Лично узнав: кто, откуда, как здесь оказался, Хуан спросил:
     - Ну и как ты собираешься жить здесь без документов?
   На что Старик, отказавшись даже переводить на русский, не сдержался и заметил:
     - Ты помнишь, Хуан, когда в прошлом году тебя привезли побитого из столицы, как ты две недели стонал и вылеживался? А у тебя, ведь, ничего не было сломано, когда я тебя осматривал, я даже не нашел сотрясение мозга, не говоря уж о травмах головы, - так, одни синяки. А у русского затылок и височная кость пробиты почти до мозга, разбита коленная чашечка, да гематомы под черепом до сих пор давят на мозг! И еще чуть-чуть: два ребра сломаны, содрана пятая часть поверхности кожи и - множественные серьезные ушибы. С такими увечьями даже в ад не спрашивают документов! Дай ему оклематься, потом спрашивай!
     - Вон, сколько земляку досталось! – посочувствовал Павел. - Пойдем, Хуан, выпьем за его здоровье! – предложил ему он, и потащил ухмыляющегося стража порядка на веранду.
   Поскольку разговор шел на испанском, Георгий лишь понял одно: Старик защитил его от неудобных расспросов, а Павел повел Хуана выпить с ним стаканчик вина.

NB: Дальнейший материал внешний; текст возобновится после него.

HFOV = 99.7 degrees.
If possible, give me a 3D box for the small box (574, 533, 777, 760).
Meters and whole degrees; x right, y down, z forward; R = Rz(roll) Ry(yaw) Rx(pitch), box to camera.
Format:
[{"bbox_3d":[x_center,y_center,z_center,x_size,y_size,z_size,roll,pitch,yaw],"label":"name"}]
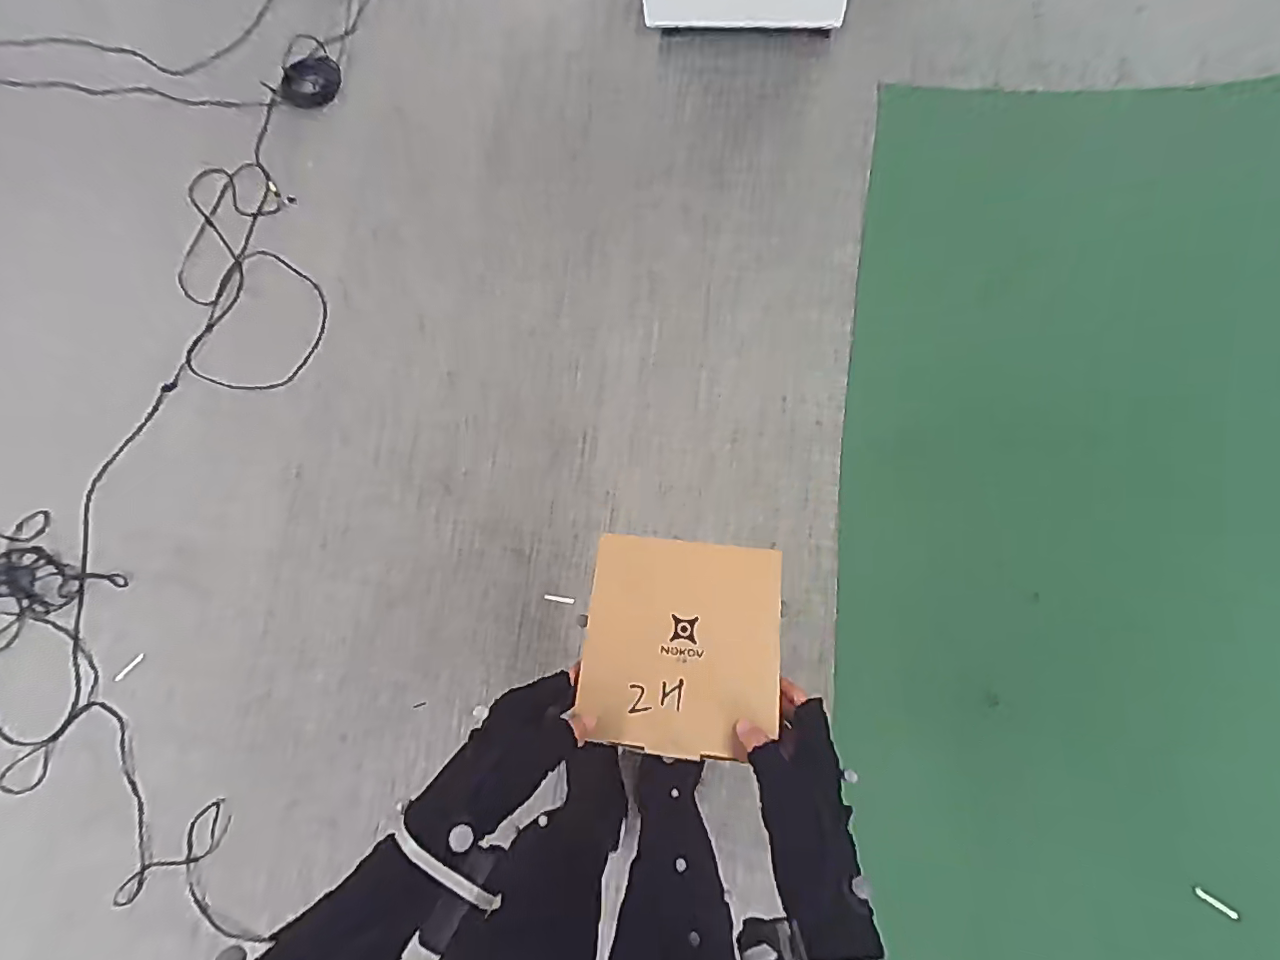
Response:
[{"bbox_3d":[0.039,0.169,0.548,0.168,0.176,0.179,6,68,5],"label":"small box"}]
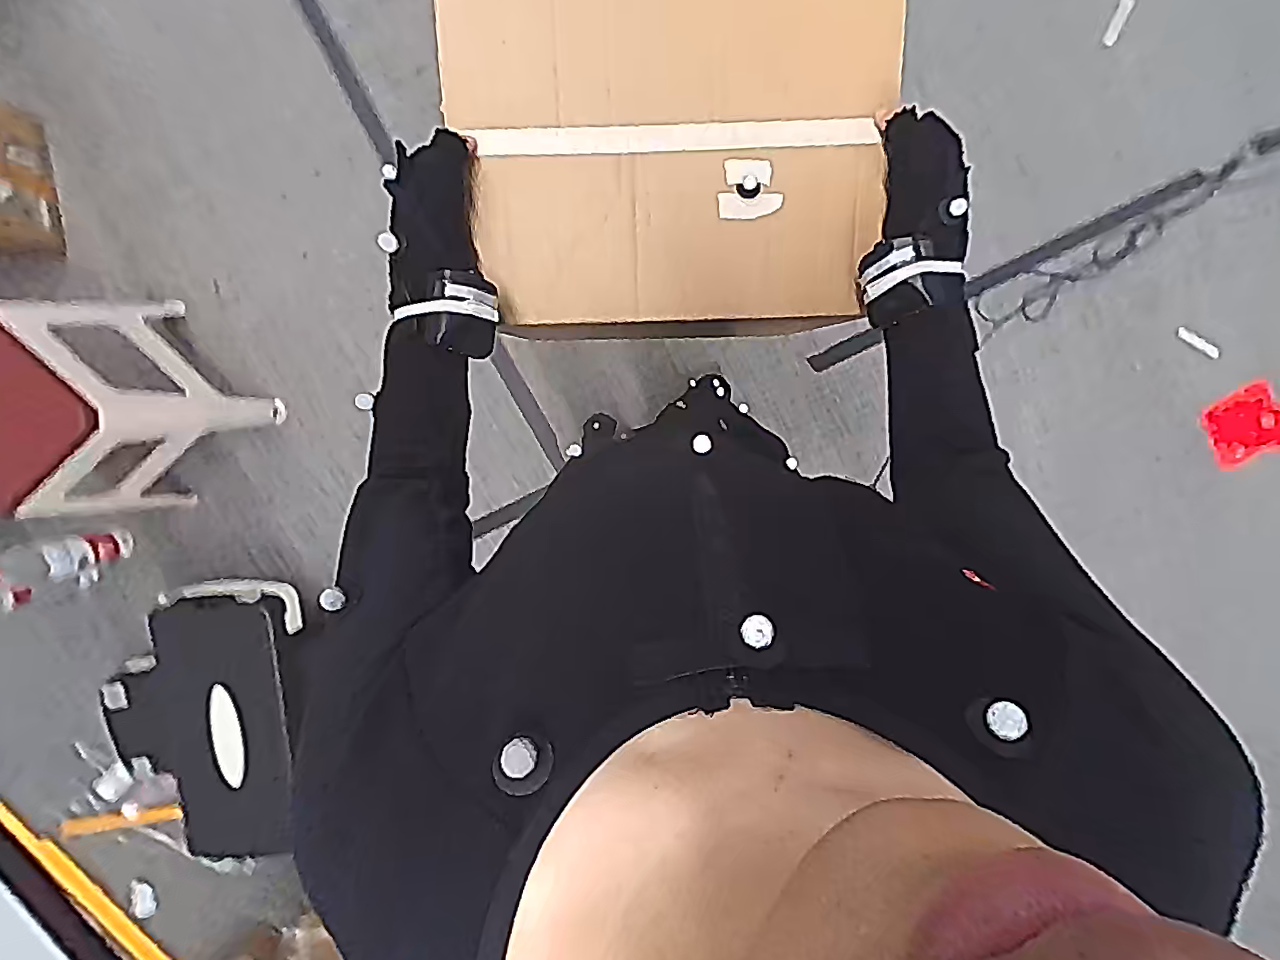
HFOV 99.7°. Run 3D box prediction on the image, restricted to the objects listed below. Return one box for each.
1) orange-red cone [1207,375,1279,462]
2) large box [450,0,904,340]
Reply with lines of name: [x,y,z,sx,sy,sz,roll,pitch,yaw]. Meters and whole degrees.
orange-red cone: [1.724,-0.146,1.360,0.199,0.360,0.198,-30,100,1]
large box: [0.032,-0.339,0.636,0.408,0.320,0.320,-1,102,-1]
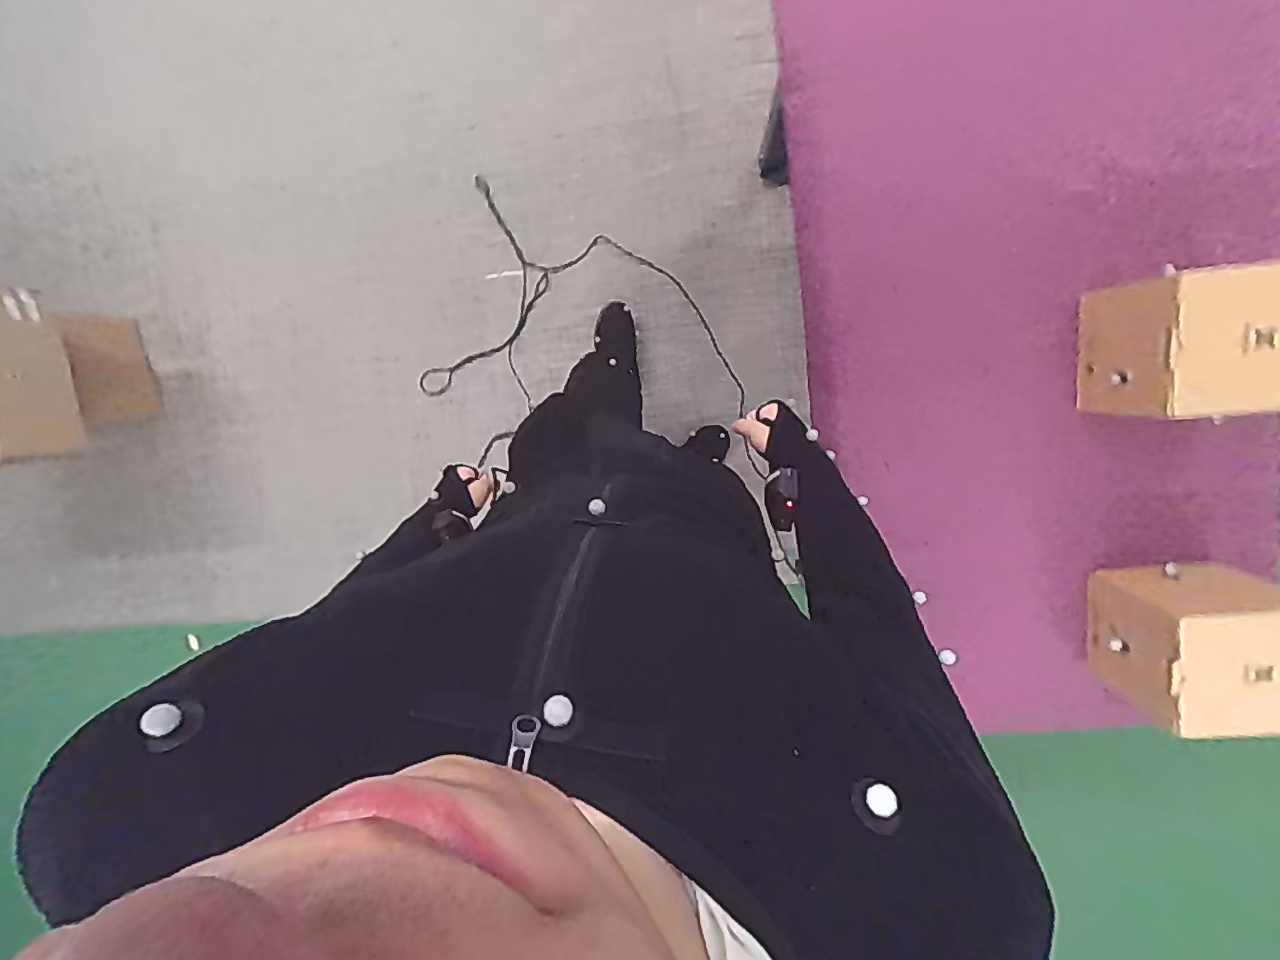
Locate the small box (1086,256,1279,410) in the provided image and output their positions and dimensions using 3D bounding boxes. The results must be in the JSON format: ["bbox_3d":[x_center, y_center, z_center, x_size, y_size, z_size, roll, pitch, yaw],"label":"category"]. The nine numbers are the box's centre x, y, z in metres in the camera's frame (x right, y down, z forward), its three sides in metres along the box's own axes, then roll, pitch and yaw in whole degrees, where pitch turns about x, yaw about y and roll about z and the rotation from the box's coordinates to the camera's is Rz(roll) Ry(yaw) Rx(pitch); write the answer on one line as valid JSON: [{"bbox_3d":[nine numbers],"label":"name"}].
[{"bbox_3d":[0.707,-0.178,0.677,0.179,0.176,0.168,-4,101,8],"label":"small box"}]

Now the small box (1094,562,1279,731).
[{"bbox_3d":[0.771,0.220,0.743,0.179,0.176,0.168,-6,100,9],"label":"small box"}]

   Однажды средь ночи Георгий проснулся с реальным ощущением, что на его бедрах, поджав ноги, обхватив руками его шею и, почти спрятав лицо в вырезе его халата, сидит засыпающая… его женщина, а он поет ей какую-то известную песню. И настолько обидным было его разочарование увидеть в тусклом свете лампадки лежащего рядом храпящего Старика, что Георгий застонал от коварно обманувшего его видения.
Вечером к хозяину подошел Старик.
      - Бросай, бросай свою писанину, Павел. Пойдем, посидим, поговорим с земляком. Он уже много лучше, но не все может вспомнить.
Павел что-то писал в своей конторской книге, не отрывая головы.
      - Странный наш земляк. Многое помнит, а некоторые моменты, - нет. И что, так всегда будет?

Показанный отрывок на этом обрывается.